Randomized algorithms have become crucial for tensor decompositions because of their low computational footprint, excellent numerical stability, and suitability to high-performance computing. Building on our successes in this area, we propose to conduct research in three main directions: (1) tensor-based dynamic mode decomposition (DMD), in which we will develop a tensor-based approach for DMD based on the *M framework, with randomized algorithms to accelerate the computations and with a special emphasis on the streaming setting; (2) tensor-based model reduction, in which we will learn projection-based reduced-order models that rely in novel ways on randomized tensor decompositions; and (3) randomized algorithms for data compression in the streaming setting, with a focus on structured random matrices and which will be applicable to both the Tucker and the *M families.
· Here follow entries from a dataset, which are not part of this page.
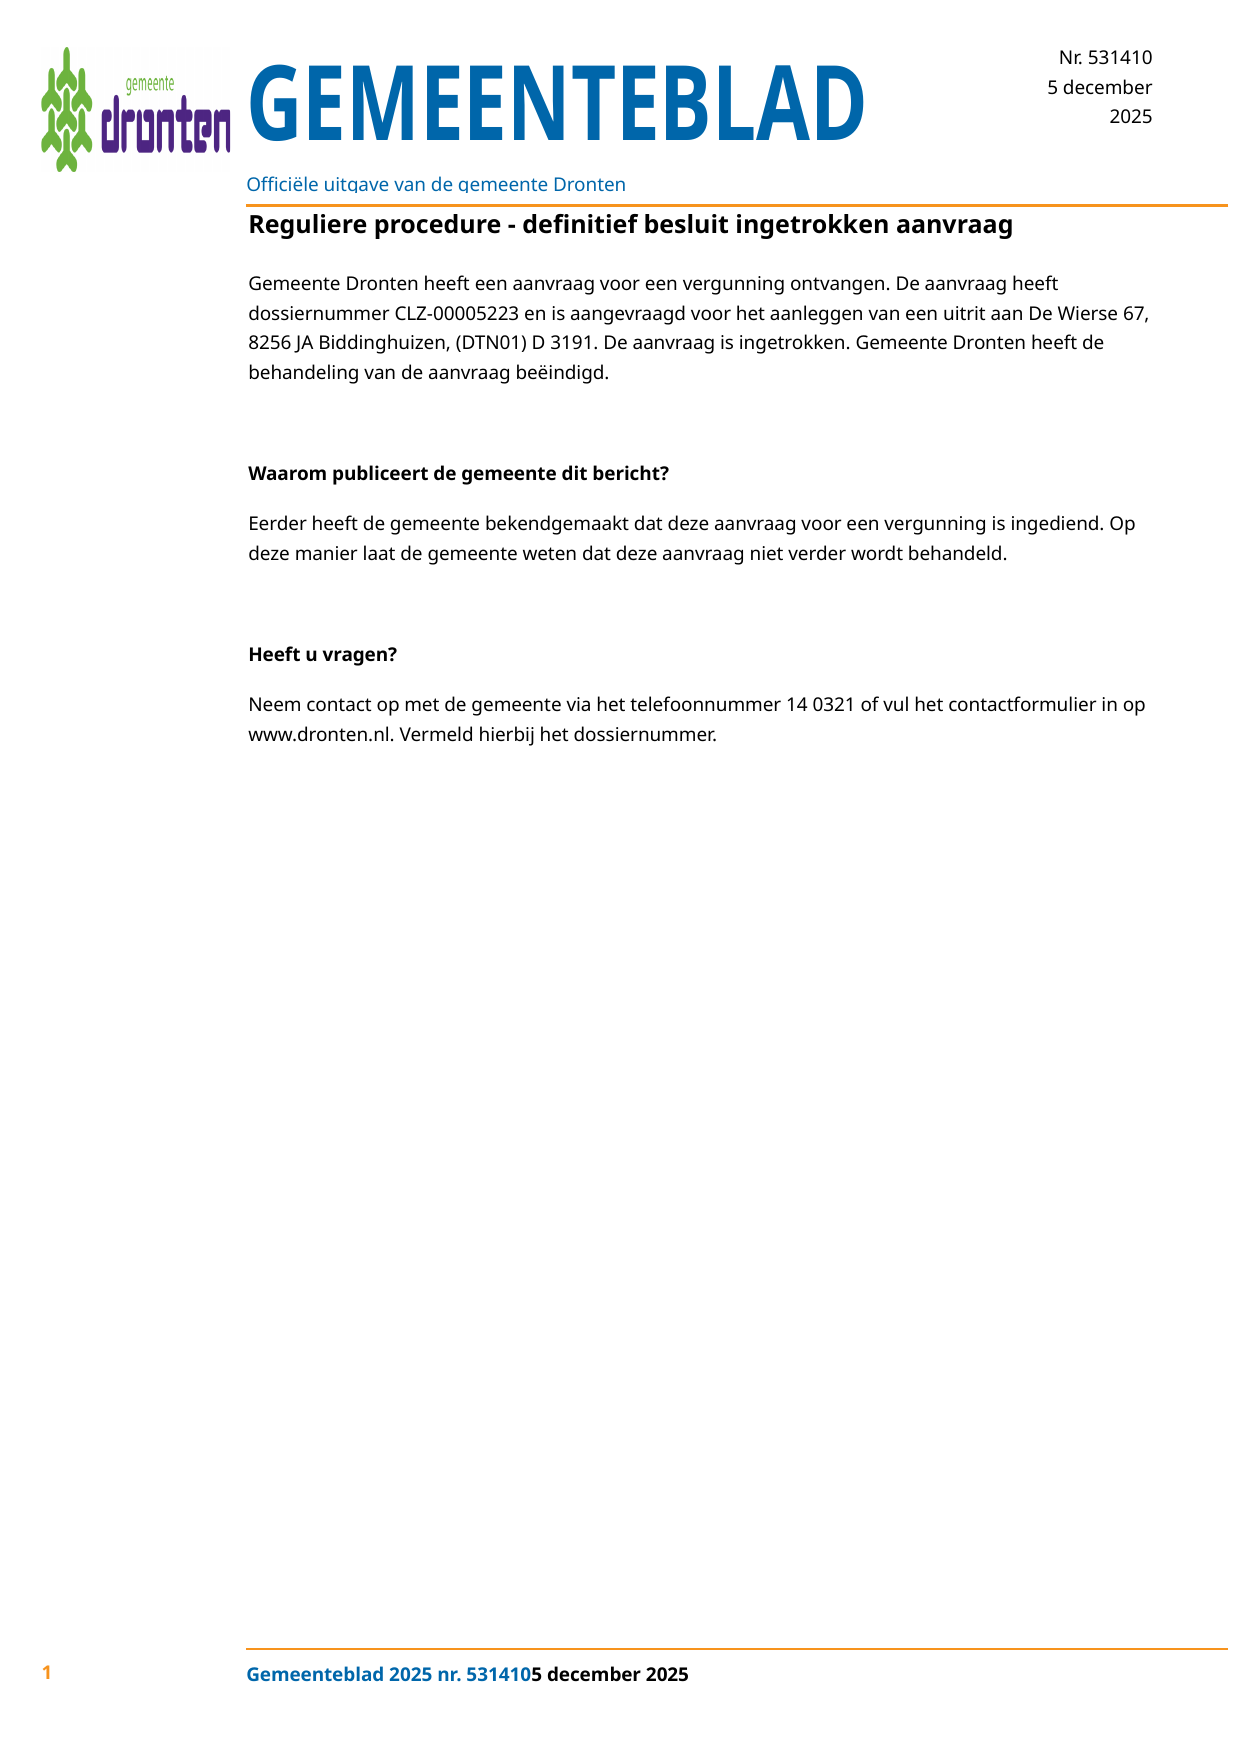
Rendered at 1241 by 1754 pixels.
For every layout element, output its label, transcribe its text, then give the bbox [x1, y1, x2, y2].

text Neem contact op met de gemeente via het telefoonnummer 14 0321 of vul het contactformulier in op www.dronten.nl. Vermeld hierbij het dossiernummer. [248, 691, 1152, 746]
text Gemeente Dronten heeft een aanvraag voor een vergunning ontvangen. De aanvraag heeft dossiernummer CLZ-00005223 en is aangevraagd voor het aanleggen van een uitrit aan De Wierse 67, 8256 JA Biddinghuizen, (DTN01) D 3191. De aanvraag is ingetrokken. Gemeente Dronten heeft de behandeling van de aanvraag beëindigd. [248, 270, 1152, 385]
picture [41, 47, 231, 172]
text Reguliere procedure - definitief besluit ingetrokken aanvraag [248, 207, 1152, 241]
text Eerder heeft de gemeente bekendgemaakt dat deze aanvraag voor een vergunning is ingediend. Op deze manier laat de gemeente weten dat deze aanvraag niet verder wordt behandeld. [248, 510, 1152, 566]
text Waarom publiceert de gemeente dit bericht? [248, 460, 1152, 486]
text Heeft u vragen? [248, 641, 1152, 666]

In addition, we will undertake the cross-cutting task of implementing the algorithms in high-performance computing settings, leveraging current and future systems such as Polaris and Aurora at the Argonne Leadership Computing Facility.
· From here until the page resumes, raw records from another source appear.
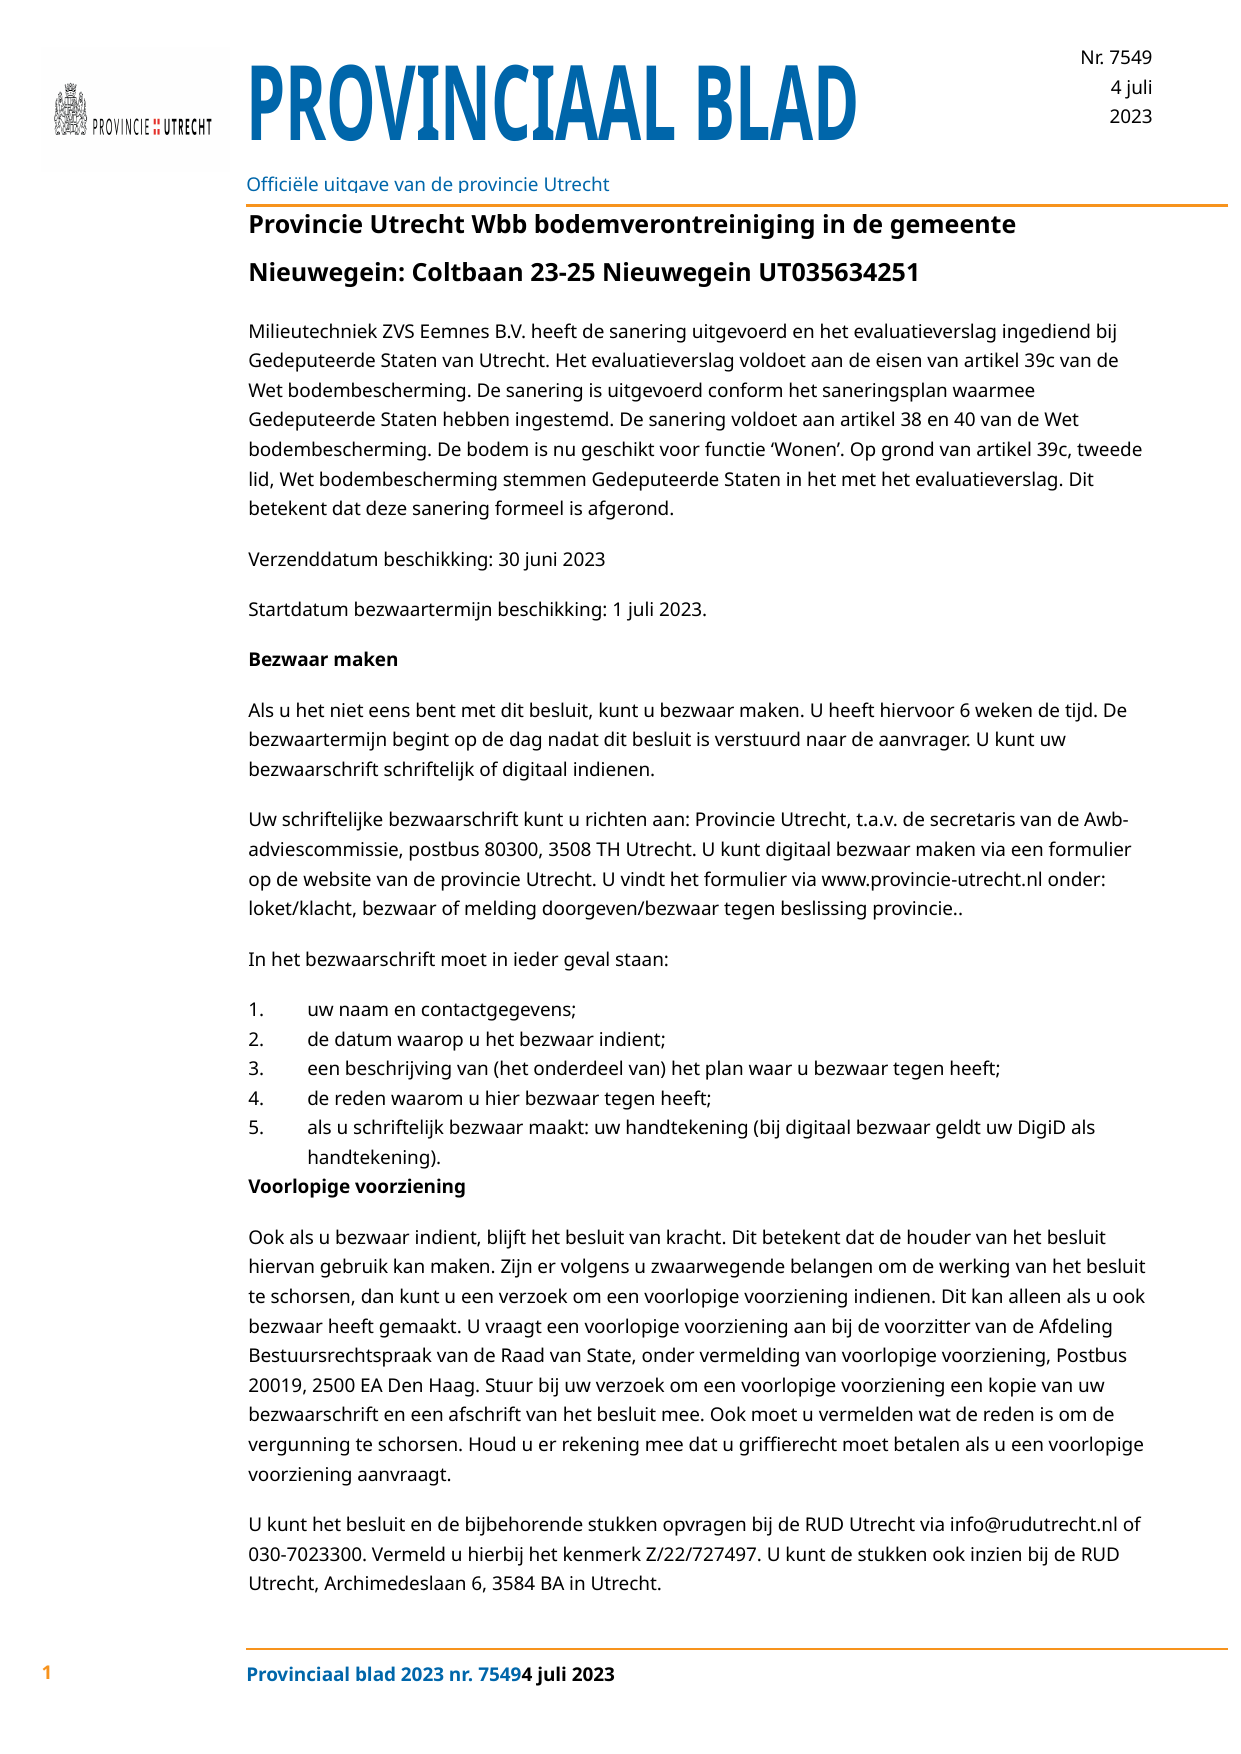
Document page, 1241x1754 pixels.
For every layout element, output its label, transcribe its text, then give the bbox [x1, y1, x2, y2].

text Voorlopige voorziening [248, 1174, 1152, 1199]
text In het bezwaarschrift moet in ieder geval staan: [248, 946, 1152, 972]
text Verzenddatum beschikking: 30 juni 2023 [248, 546, 1152, 572]
text Startdatum bezwaartermijn beschikking: 1 juli 2023. [248, 596, 1152, 622]
text Provincie Utrecht Wbb bodemverontreiniging in de gemeente Nieuwegein: Coltbaan 23-25 Nieuwegein UT035634251 [248, 207, 1152, 288]
list uw naam en contactgegevens; [248, 996, 1152, 1022]
list de datum waarop u het bezwaar indient; [248, 1026, 1152, 1052]
text Uw schriftelijke bezwaarschrift kunt u richten aan: Provincie Utrecht, t.a.v. de secretaris van de Awb-adviescommissie, postbus 80300, 3508 TH Utrecht. U kunt digitaal bezwaar maken via een formulier op de website van de provincie Utrecht. U vindt het formulier via www.provincie-utrecht.nl onder: loket/klacht, bezwaar of melding doorgeven/bezwaar tegen beslissing provincie.. [248, 807, 1152, 921]
text U kunt het besluit en de bijbehorende stukken opvragen bij de RUD Utrecht via info@rudutrecht.nl of 030-7023300. Vermeld u hierbij het kenmerk Z/22/727497. U kunt de stukken ook inzien bij de RUD Utrecht, Archimedeslaan 6, 3584 BA in Utrecht. [248, 1511, 1152, 1596]
list als u schriftelijk bezwaar maakt: uw handtekening (bij digitaal bezwaar geldt uw DigiD als handtekening). [248, 1114, 1152, 1170]
text Als u het niet eens bent met dit besluit, kunt u bezwaar maken. U heeft hiervoor 6 weken de tijd. De bezwaartermijn begint op de dag nadat dit besluit is verstuurd naar de aanvrager. U kunt uw bezwaarschrift schriftelijk of digitaal indienen. [248, 697, 1152, 782]
text Milieutechniek ZVS Eemnes B.V. heeft de sanering uitgevoerd en het evaluatieverslag ingediend bij Gedeputeerde Staten van Utrecht. Het evaluatieverslag voldoet aan de eisen van artikel 39c van de Wet bodembescherming. De sanering is uitgevoerd conform het saneringsplan waarmee Gedeputeerde Staten hebben ingestemd. De sanering voldoet aan artikel 38 en 40 van de Wet bodembescherming. De bodem is nu geschikt voor functie ‘Wonen’. Op grond van artikel 39c, tweede lid, Wet bodembescherming stemmen Gedeputeerde Staten in het met het evaluatieverslag. Dit betekent dat deze sanering formeel is afgerond. [248, 318, 1152, 521]
list een beschrijving van (het onderdeel van) het plan waar u bezwaar tegen heeft; [248, 1055, 1152, 1081]
list de reden waarom u hier bezwaar tegen heeft; [248, 1085, 1152, 1111]
text Ook als u bezwaar indient, blijft het besluit van kracht. Dit betekent dat de houder van het besluit hiervan gebruik kan maken. Zijn er volgens u zwaarwegende belangen om de werking van het besluit te schorsen, dan kunt u een verzoek om een voorlopige voorziening indienen. Dit kan alleen als u ook bezwaar heeft gemaakt. U vraagt een voorlopige voorziening aan bij de voorzitter van de Afdeling Bestuursrechtspraak van de Raad van State, onder vermelding van voorlopige voorziening, Postbus 20019, 2500 EA Den Haag. Stuur bij uw verzoek om een voorlopige voorziening een kopie van uw bezwaarschrift en een afschrift van het besluit mee. Ook moet u vermelden wat de reden is om de vergunning te schorsen. Houd u er rekening mee dat u griffierecht moet betalen als u een voorlopige voorziening aanvraagt. [248, 1224, 1152, 1487]
text Bezwaar maken [248, 647, 1152, 672]
picture [41, 47, 231, 172]

We will target data compression in three scientific applications of interest to the DOE mission: climate models (e.g., Energy Exascale Earth System Model) with regional refinement, turbulent combustion simulations in gas turbines, and x-ray ptychography.
The proposed research will deliver methods that are memory and computationally efficient, with quantifiable accuracy and rigorous error analysis, and with properties provably superior to the traditional matrix-based approaches. These new methods will advance the state of the art in randomized tensor decomposition and data compression. Additionally, the outcomes from the proposed research will greatly reduce the downstream processing tasks, thereby accelerating scientific discoveries.